# The EP full-text library - Lesson 2
This notebook expands on lesson 1 to dive into more advanced concepts of EPAB, the implementation in TIP of the EP full-text library. We will introduce querying by full text fields, divisionals and parents, and search report fields. As we did in the first notebook, we first create an instance of the EPAB library.

In [2]:
# Importing the EPAB client
from epo.tipdata.epab import EPABClient

# creating an instance of the EPAB client
epab = EPABClient()


## Querying by full text fields
Much like the [EP full-text search](https://www.epo.org/en/searching-for-patents/technical/ep-full-text), one of the most powerful features of the EPAB library is that it gives you access to the description, claims, title and abstract of the publications within the EPAB database. 

### Querying by the title
You can search for applications containing one or more terms in the title.
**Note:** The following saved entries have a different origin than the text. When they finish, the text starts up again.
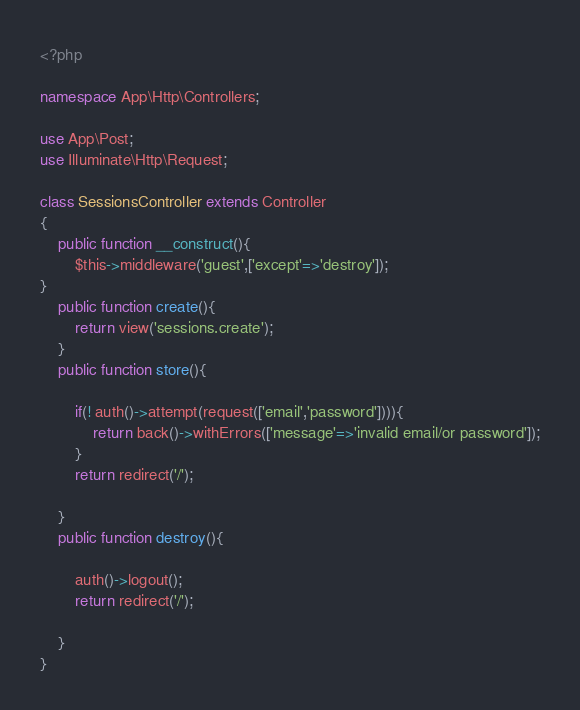<code> <loc_0><loc_0><loc_500><loc_500><_PHP_><?php

namespace App\Http\Controllers;

use App\Post;
use Illuminate\Http\Request;

class SessionsController extends Controller
{
    public function __construct(){
        $this->middleware('guest',['except'=>'destroy']);
}
    public function create(){
        return view('sessions.create');
    }
    public function store(){

        if(! auth()->attempt(request(['email','password']))){
            return back()->withErrors(['message'=>'invalid email/or password']);
        }
        return redirect('/');

    }
    public function destroy(){

        auth()->logout();
        return redirect('/');

    }
}
</code> 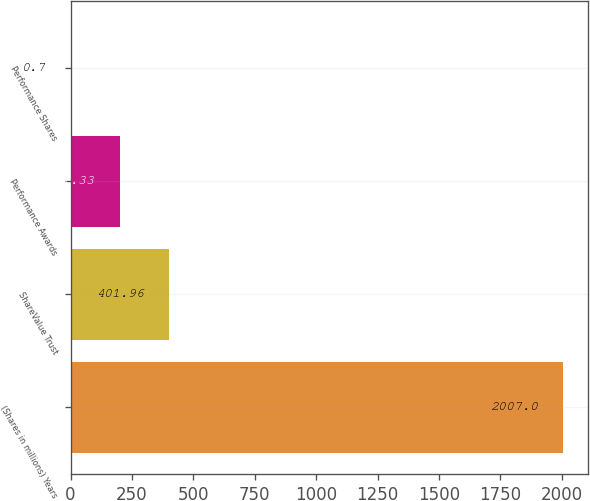<chart> <loc_0><loc_0><loc_500><loc_500><bar_chart><fcel>(Shares in millions) Years<fcel>ShareValue Trust<fcel>Performance Awards<fcel>Performance Shares<nl><fcel>2007<fcel>401.96<fcel>201.33<fcel>0.7<nl></chart> 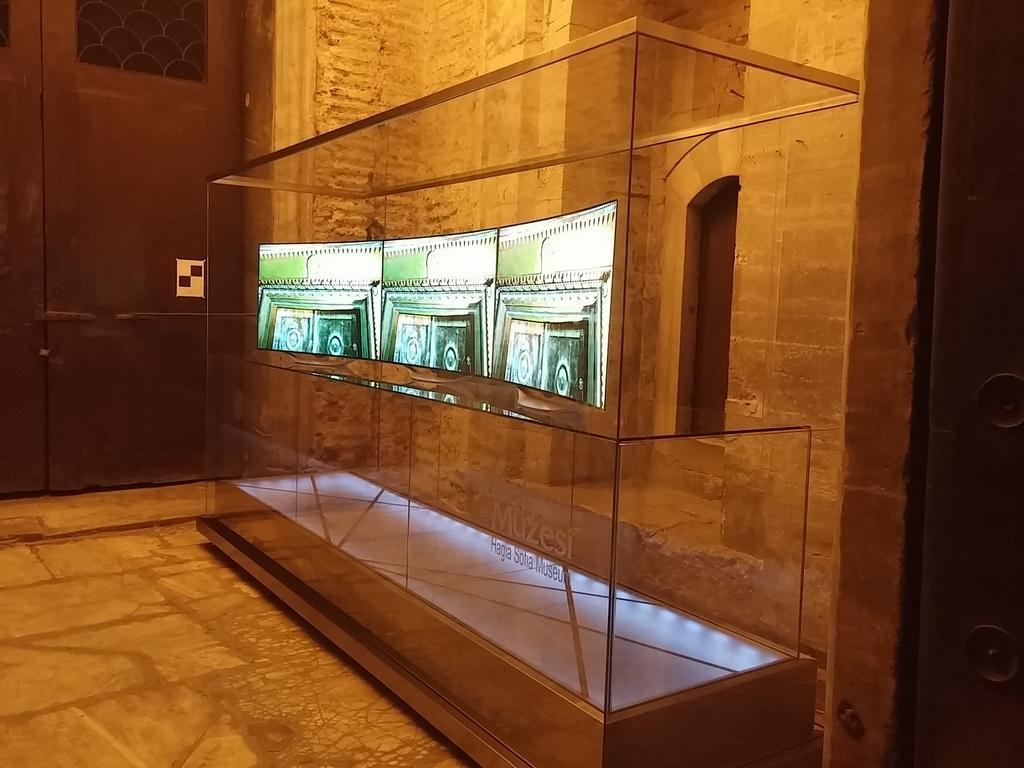Could you give a brief overview of what you see in this image? In this image, we can see a glass object with a screen and some text. We can see the ground and the wall with some object. We can also see the doors. 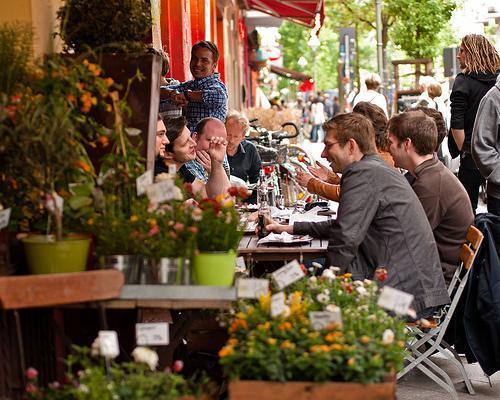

When performing a first search for patent publications of a given technological concept, it is generally a good approach to search in the title, since when a publication contains the search term in the title it is likely that it is a good match for your search query. If you followed lesson 1, you probably can guess nomenclature of the search method: `query_title`.

In [3]:
# querying by the title of the publication with the word 'covid'
q = epab.query_title('covid')
q.get_results("title", limit=5, output_type='list')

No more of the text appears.